Elsevier

Gynecologic Oncology

Volume 83, Issue 2, November 2001, Pages 355-362
Gynecologic Oncology

Regular Article
Simultaneously Detected Endometrial and Ovarian Carcinomas— A Prospective Clinicopathologic Study of 74 Cases: A Gynecologic Oncology Group Study,☆☆

https://doi.org/10.1006/gyno.2001.6400Get rights and content

Abstract

Objectives. The coexistence of carcinomas of the endometrium and ovary occurs in about 10% of women with ovarian carcinoma. It is often unclear whether this represents synchronous primary tumors or metastasis from endometrium to ovary, or from ovary to endometrium; consequently, staging, therapy, and expected outcome are uncertain. The Gynecologic Oncology Group sought to study patients with simultaneously detected adenocarcinomas in the endometrium and ovary with disease grossly confined to the pelvis to explore the possible correlation among discrete tumor subsets, natural history, and survival.

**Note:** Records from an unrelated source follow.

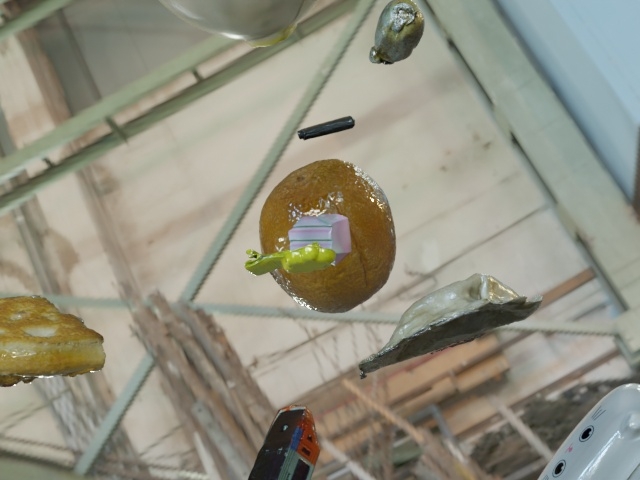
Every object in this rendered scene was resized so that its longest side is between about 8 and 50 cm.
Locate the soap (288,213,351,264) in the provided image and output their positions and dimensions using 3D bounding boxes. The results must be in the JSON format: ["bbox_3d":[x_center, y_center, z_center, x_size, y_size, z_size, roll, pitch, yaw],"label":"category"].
[{"bbox_3d":[0.000,0.000,2.020,0.056,0.100,0.149,-10,5,-35],"label":"soap"}]

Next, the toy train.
[{"bbox_3d":[-0.090,0.454,1.681,0.086,0.409,0.089,-21,-55,44],"label":"toy train"}]

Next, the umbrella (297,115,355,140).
[{"bbox_3d":[0.014,-0.251,2.352,0.133,0.031,0.036,-15,-13,0],"label":"umbrella"}]

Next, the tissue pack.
[{"bbox_3d":[0.516,0.421,1.820,0.333,0.229,0.236,-54,-11,5],"label":"tissue pack"}]

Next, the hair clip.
[{"bbox_3d":[-0.053,0.032,1.842,0.173,0.046,0.072,-4,-22,28],"label":"hair clip"}]

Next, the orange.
[{"bbox_3d":[0.023,-0.002,2.416,0.322,0.322,0.357,-26,-54,-5],"label":"orange"}]

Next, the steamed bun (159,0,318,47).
[{"bbox_3d":[-0.154,-0.525,1.853,0.334,0.374,0.334,-43,-27,-28],"label":"steamed bun"}]

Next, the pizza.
[{"bbox_3d":[-0.529,0.165,1.696,0.409,0.114,0.278,4,9,6],"label":"pizza"}]

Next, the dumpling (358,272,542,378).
[{"bbox_3d":[0.204,0.118,1.699,0.332,0.086,0.166,-22,-27,-7],"label":"dumpling"}]

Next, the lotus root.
[{"bbox_3d":[0.134,-0.362,1.849,0.088,0.088,0.165,-17,-20,-22],"label":"lotus root"}]

Methods. Between 1985 and 1991, 85 patients were prospectively enrolled, of whom 74 were eligible. All were initially treated with total abdominal hysterectomy, bilateral salpingo-oophorectomy, and staging laparotomy, with radiation and chemotherapy left to the discretion of the treating physician and patient. Fifteen pathologic variables were examined to identify differences in tumor behavior.

Results. Of the 74 patients, 23 (31%) had microscopic spread of tumor in the pelvis or abdomen. Sixty-four (86%) patients had endometrioid carcinomas in both the endometrium and the ovary, and endometriosis was found in the ovary of 23 (31%) patients. There was concordance between the histologic grade of the tumor in the ovary and the uterus in 51 (69%) patients. The estimated probability of recurrence 5 years following staging surgery is 15.1% (95% confidence interval (CI): 8.7–25.2%). The presence of metastasis discriminated two groups of patients that experienced different probabilities of recurrence within 5 years: 10.0% (95% CI: 4.32–21.3%) for those with tumors confined to the uterus and ovary and 27.1% (95% CI: 13.0–48.5%) for those with metastasis (hazard ratio = 4.6, P = 0.006). The histologic grades of ovarian and uterine tumors also distinguished groups of patients with different probabilities of recurrence at 5 years: 8.0% (95% CI: 2.8–21.3%) for those patients with no more than grade 1 disease at either site and 22.4% (95% CI: 11.8–38.4%) for those with a higher grade in either the ovary or the endometrium (hazard ratio = 3.1, P = 0.047). The estimated overall probability of surviving 5 years is 85.9% and that of surviving 10 years is 80.3%.

Conclusion. The prognosis for women with simultaneously detected carcinomas in the uterus and ovary with gross disease confined to the pelvis is surprisingly good, particularly for those with disease microscopically limited to the uterus and ovary or of low histologic grade.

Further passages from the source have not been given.